How does the attack work?

During a D(HE)at attack, the malicious client initiates cryptographic handshakes pretending to support only the ephemeral variant of the finite field Diffie-Hellman key agreement protocol (DHE), triggering key pair generation and shared secret calculation on the server-side. Both operations require the server to perform compute-intensive modular exponentiation calculations, while the malicious client needs no significant computational resources.

Under normal circumstances, both parties perform the same operations during the Diffie-Hellman key agreement (public key generation, shared secret calculation), meaning that theoretically the computational cost is the same for both parties. However, in practice, a malicious client can force a server to generate a public key by acting as if it would support only the Diffie-Hellman key agreement and would wait for the server’s public key to ensure that the server has performed the expensive modular exponentiation, then it terminates the connection. In the case of certain protocols (e.g., TLS < 1.3), an initial cryptographic handshake message is enough to be sent without the client’s public key.

Other protocols or protocol versions (e.g., TLS 1.3, SSH) require the client to send its public key before the server calculates its own. In a scenario like this, a malicious client can send an arbitrary number as a public key without performing the modular exponentiation. In possession of that arbitrary number, the server performs the shared secret calculation, which means a second modular exponentiation on the server side. However, the key agreement will fail, and the server can only realize this after it has already performed the CPU-intensive operations.

How bad is it?

The D(HE)at attack is not a cryptographic library implementation issue that can be fixed by a software update, but a protocol flaw that exploits the peculiarity of the Diffie-Hellman key agreement, where a malicious client can force a server to perform CPU-intensive operation(s) without any significant resource (CPU) requirement.

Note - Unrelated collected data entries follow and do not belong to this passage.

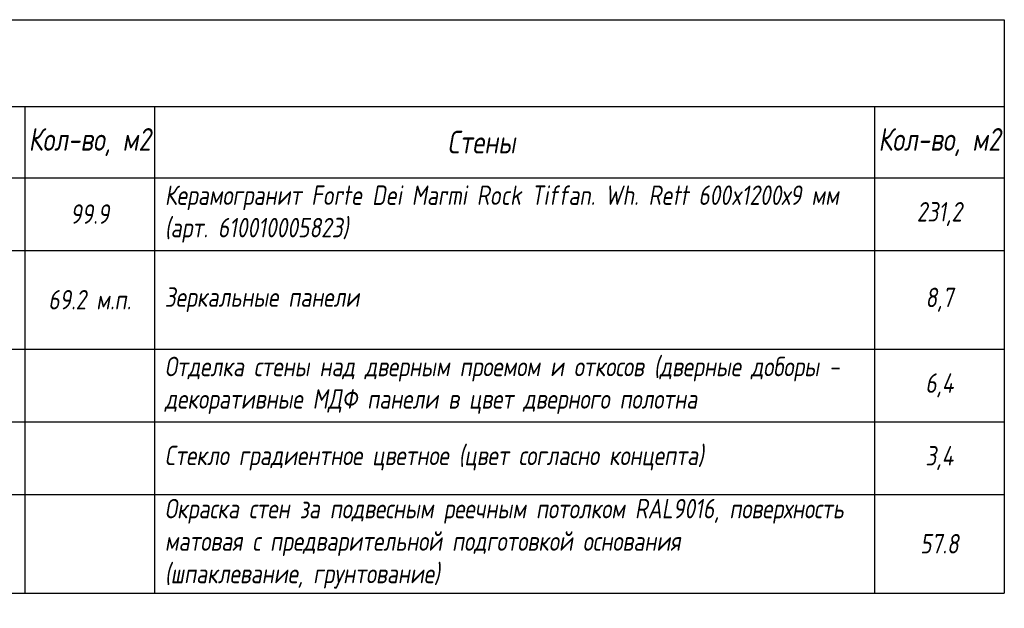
# Model space of a CAD drawing. Header units: millimetres. Extents: x -521669 to 178656, y -69521 to 433382.
# Tile 3 of 256: x 132697 to 147876, y -69521 to -60445. Entities that reach past the tile are written whole.
import ezdxf

# ---------------------------------------------------------------- set-up
doc = ezdxf.new("R2010")
doc.units = ezdxf.units.MM
doc.styles.add('fl_iso paper', font='isocpeur.ttf', dxfattribs={"width": 0.8, "oblique": 10})

msp = doc.modelspace()

# ---------------------------------------------------------------- linework, layer by layer
at = {"lineweight": 25, "transparency": 33554610}
for p, q in [((108376.490985, -60444.975681), (147876.490985, -60444.975681)), ((147876.490985, -60444.975681), (147876.490985, -69285.490102)), ((108376.490985, -61782.131349), (147876.490985, -61782.131349)), ((132776.490985, -61782.131349), (132776.490985, -66077.485263)), ((134776.490985, -61782.131349), (134776.490985, -64956.668465)), ((134776.490985, -61782.131349), (134776.490985, -64956.668465)), ((145876.490985, -61782.131349), (145876.490985, -69285.490102)), ((108376.490985, -62881.406112), (147876.490985, -62881.406112)), ((108376.490985, -64002.22291), (134776.490985, -64002.22291)), ((108376.490985, -64002.22291), (147876.490985, -64002.22291)), ((134776.490985, -64002.22291), (134776.490985, -69285.490102)), ((134776.490985, -64002.22291), (134776.490985, -69285.490102)), ((108376.490985, -65523.039708), (147876.490985, -65523.039708)), ((132776.490985, -65523.039708), (132776.490985, -69285.490102)), ((108376.490985, -66643.856506), (147876.490985, -66643.856506)), ((108376.490985, -67764.673304), (147876.490985, -67764.673304)), ((108376.490985, -69285.490102), (147876.490985, -69285.490102))]:
    msp.add_line(p, q, dxfattribs=at)

# ---------------------------------------------------------------- texts
at = {"lineweight": 25, "transparency": 33554610, "style": 'fl_iso paper'}
for s, insert, char_height, width, attachment_point in [('Кол-во, м2', (133776.490985, -62331.768731), 350, 2000, 5), ('Кол-во, м2', (146876.490985, -62331.768731), 350, 2000, 5), ('Стены', (139816.724103, -62331.768731), 350, 1909.46376494, 5), ('{\\C0;Керамогранит Forte Dei Marmi Rock Tiffan. Wh. Rett 600x1200х9 мм }(арт. 610010005823)', (134934.105847, -63441.814511), 300, 10942.38513779, 4), ('99.9', (133776.490985, -63441.814511), 300, 2000, 5), ('231,2', (146876.490985, -63441.814511), 300, 2000, 5), ('69.2 {\\A1;м.п.}', (133776.490985, -64762.631309), 300, 2000, 5), ('{\\C0;Зеркальные панели}', (134934.105847, -64762.631309), 300, 10942.38513779, 4), ('8,7', (146876.490985, -64762.631309), 300, 2000, 5), ('{\\C0;Отделка стены над дверным проемом и откосов (дверные доборы - декоративные МДФ панели в цвет дверного полотна}', (134934.105847, -66083.448107), 300, 11591.62254624, 4), ('6,4', (146876.490985, -66083.448107), 300, 2000, 5), ('{\\C0;Стекло градиентное цветное (цвет согласно концепта)}', (134934.105847, -67204.264905), 300, 11591.62254624, 4), ('3,4', (146876.490985, -67204.264905), 300, 2000, 5), ('{\\C0;Окраска стен за подвесным реечным потолком RAL9016, }поверхность матовая с предварительной подготовкой основания \\P(шпаклевание, грунтование){\\C0; }', (134934.105847, -68525.081703), 300, 11591.62254624, 4), ('57.8', (146876.490985, -68525.081703), 300, 2000, 5)]:
    msp.add_mtext(s, dxfattribs=dict(at, insert=insert, char_height=char_height, width=width, attachment_point=attachment_point))

doc.saveas('drawing.dxf')

This is possible because servers cannot distinguish a randomly chosen (\(A \in \mathbb{Z}_p^*\)) number from the result of modular exponentiation (\(A \equiv g^a \bmod p\)), which requires CPU-intensive operations, meaning that the server has no proof-of-work from the client. Additionally, some implementation flaws can seriously affect the effectiveness of the D(HE)at attack.

Long exponent (CVE-2022-40735)

Some cryptographic libraries may use long exponents (\(a\), \(b\)) leading to significantly more expensive calculation of the public keys (\(B \equiv g^b \bmod p\)) than they would use shorter exponents that provide the same security strength (CVE-2022-40735). As the resource requirement of modular exponentiation relates non-linearly to the size of the parameters (\(a\)/\(b\), \(p\)), the larger key sizes that can be forced by a malicious client, the more significant the attack can be.

Unnecessary validation (CVE-2024-41996)

Parties should validate the order of the peer’s public key to avoid small subgroup confinement attack, according to NIST SP 800-56A Rev 3., by performing a modular exponentiation (\(1 \equiv A^{(p-1)/2} \bmod p\) ). However, the special publication of NIST also states that when an approved safe-prime group is used, the validation can be skipped. Some cryptographic libraries may always perform the validation independently of the group value, allowing an attacker to trigger expensive modular-exponentiation (CVE-2024-41996) which is as resource-intensive as public key generation using a large exponent.

Large key size by default

Larger parameter sizes (e.g., ffdhe6144 or ffhde8192) enabled by the default configuration of a cryptographic library or an application server can also seriously affect the potential of a D(HE)at attack, as the calculation of a larger public key size requires more resources. For instance, some popular cryptographic libraries enable the largest available parameter (ffdhe8192) size by default in TLS. This carries the risk of a successful DoS attack when application server implementations or configurations do not overwrite the cryptographic library defaults, such as OpenSSL has.